= William Penhall =

William Penhall (27 October 1858 – 3 August 1882) was an English mountaineer.

==Life and family==
The son of Dr John Penhall MRCS LSA (born 1833 at St Pancras, Middlesex, in 1871 a general practitioner in Hastings, Sussex), Penhall was educated at Trinity College, Cambridge, where he graduated BA in 1881. At the time of the 1881 census, he was enumerated at Trinity, giving his place of birth as Hastings, Sussex, and his occupation as "No Occ."

==Alpinism==

===First ascents===
Penhall made the first ascent of a number of peaks and routes in the Alps during the silver age of alpinism.

Together with Martin Conway, G. S. Scriven and guides Ferdinand Imseng and Peter and M. Truffer he made the first ascent (in two and a half hours) of the west face of the Zinalrothorn in August 1878. With Albert Frederick Mummery and guides Alexander Burgener and Ferdinand Imseng he made the first ascent of the Dürrenhorn on 7 September 1879.

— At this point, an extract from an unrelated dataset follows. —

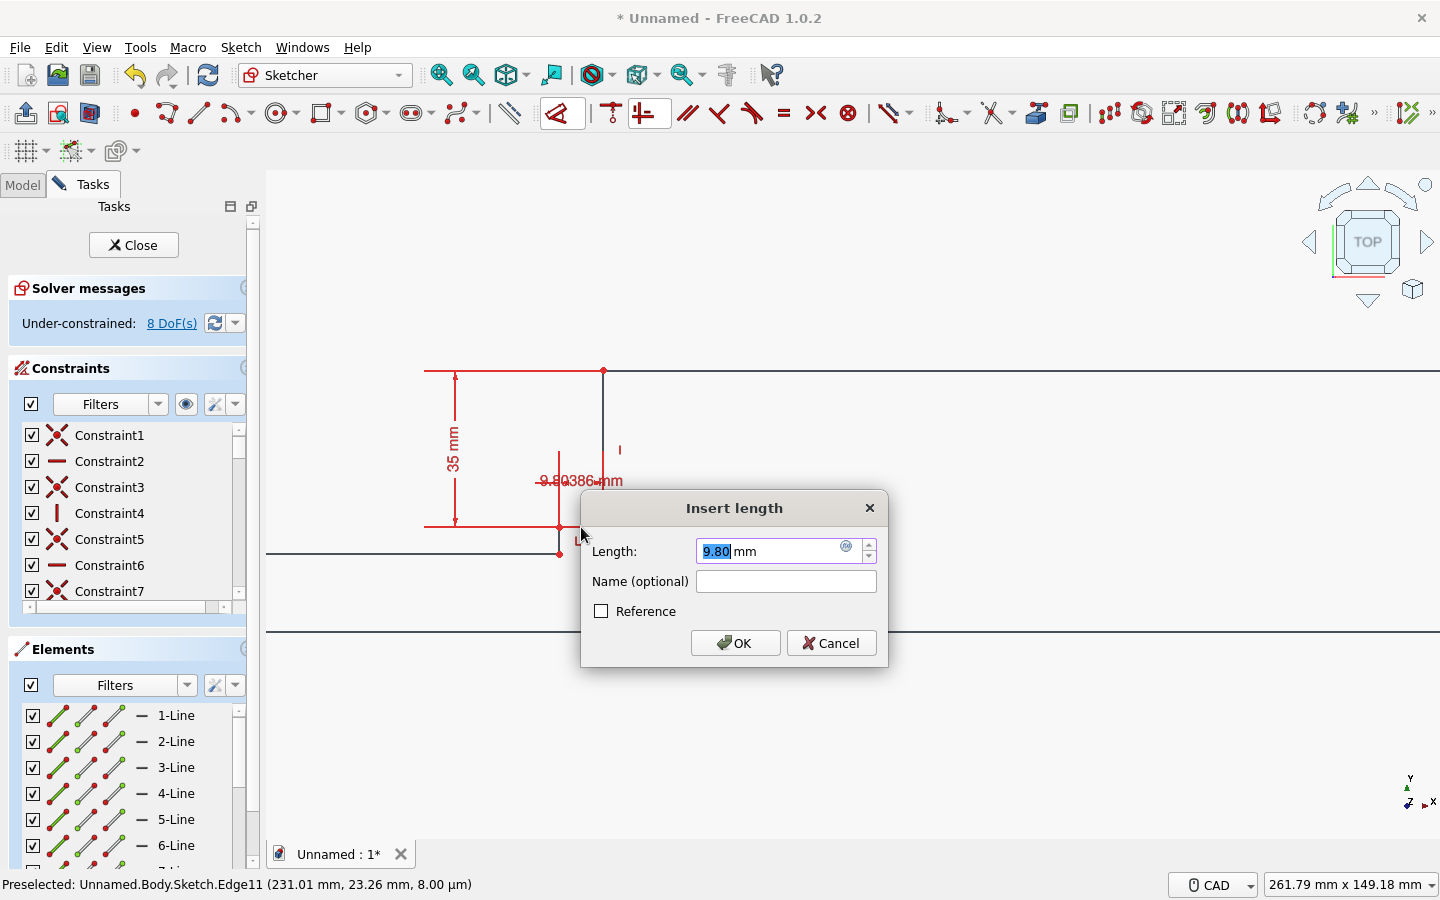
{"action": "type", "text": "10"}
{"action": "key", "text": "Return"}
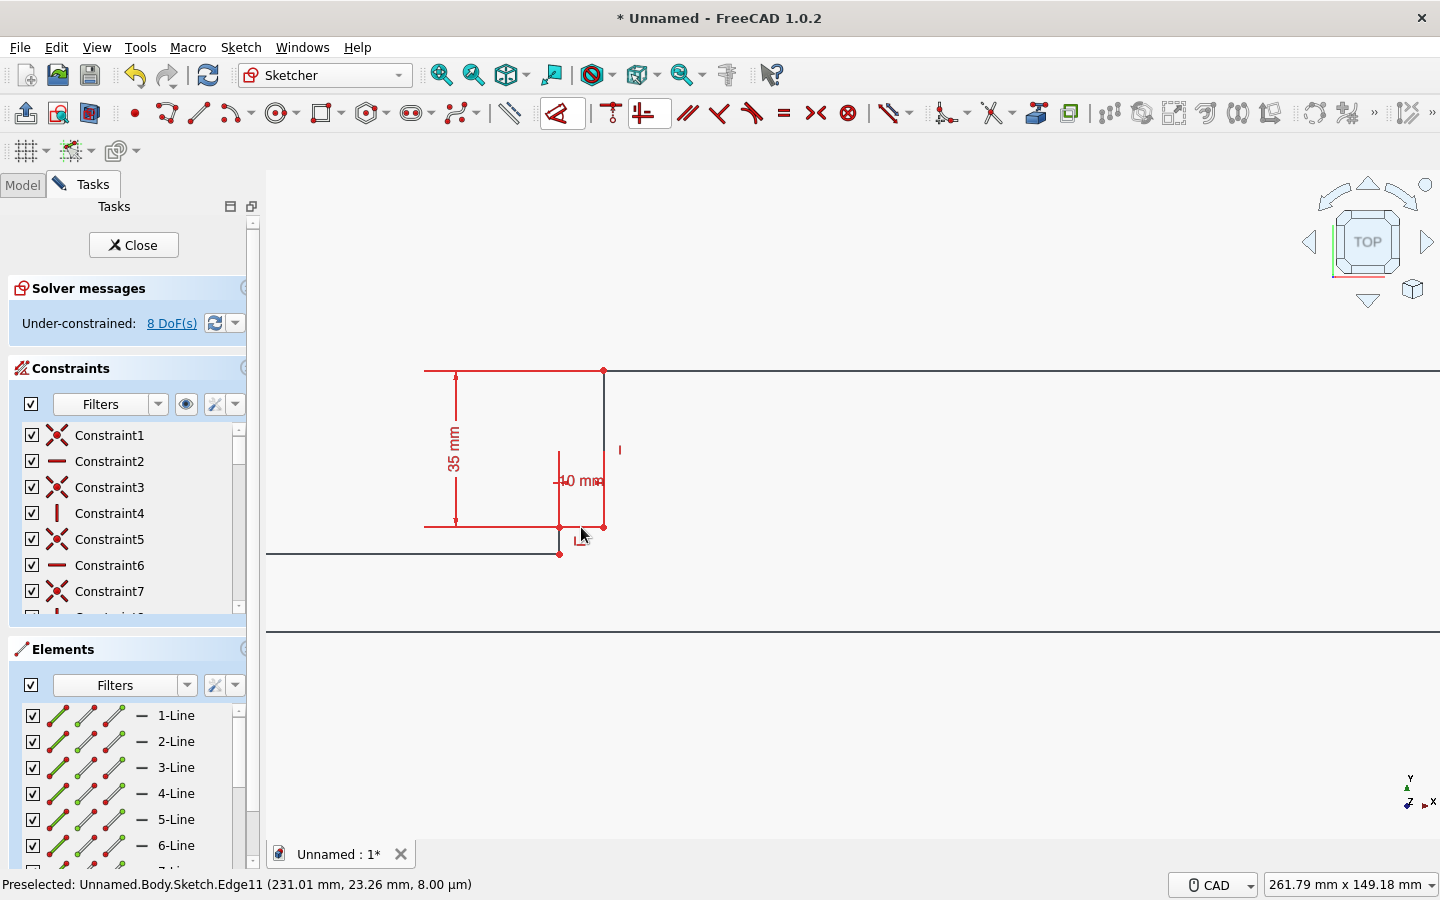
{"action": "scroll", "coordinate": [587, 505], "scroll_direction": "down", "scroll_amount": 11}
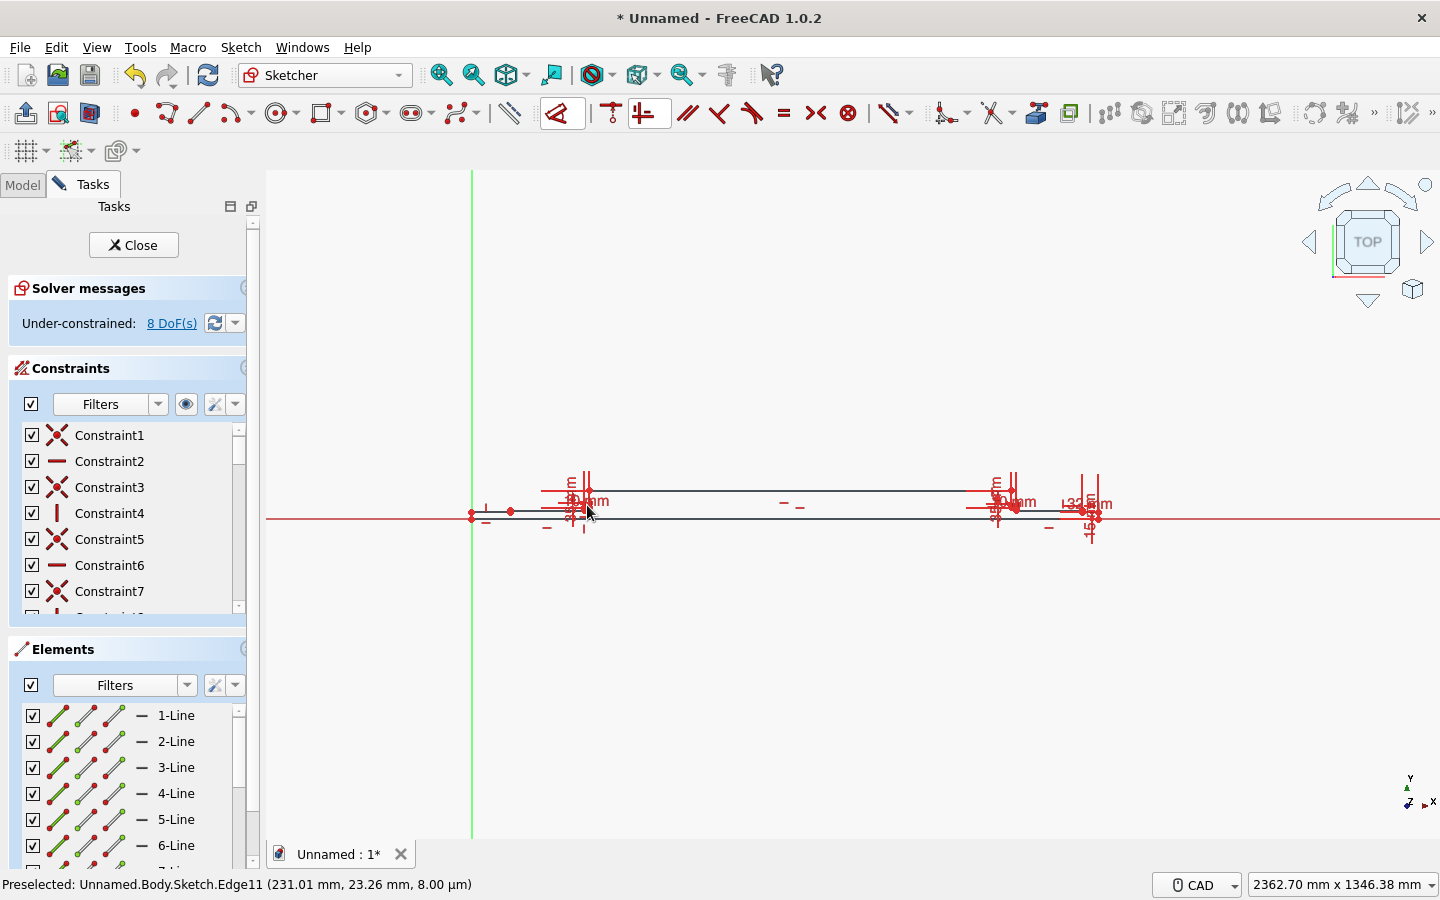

Penhall was involved in a race with Mummery to be the first to climb the Zmutt ridge of the Matterhorn, a race which Mummery eventually won. According to Penhall, his interest in finding a new way up the mountain had been kindled by Edward Whymper's account of the successful first ascent in 1865 in Scrambles amongst the Alps. As Mummery and Burgener approached the mountain to attempt the ridge they met Penhall, and guides Ferdinand Imseng and Louis Zurbrücken, who had retreated from the mountain after a bad-weather bivouac on the ridge. After a brief rest in Zermatt, Penhall returned to the Matterhorn, making the first ascent of its west face on 3 September 1879, a harder climb than the Zmutt ridge; his party reached the summit one hour after Mummery's. Penhall wrote an account of the west face climb in the Alpine Journal entitled 'The Matterhorn from the Zmutt Glacier'. The Penhall Couloir on the west face is named after him.

===Death===
Penhall and Meiringen guide Andreas Maurer were killed by an avalanche high up on the Wetterhorn on 3 August 1882. Penhall and Maurer share a double gravestone in the Grindelwald cemetery.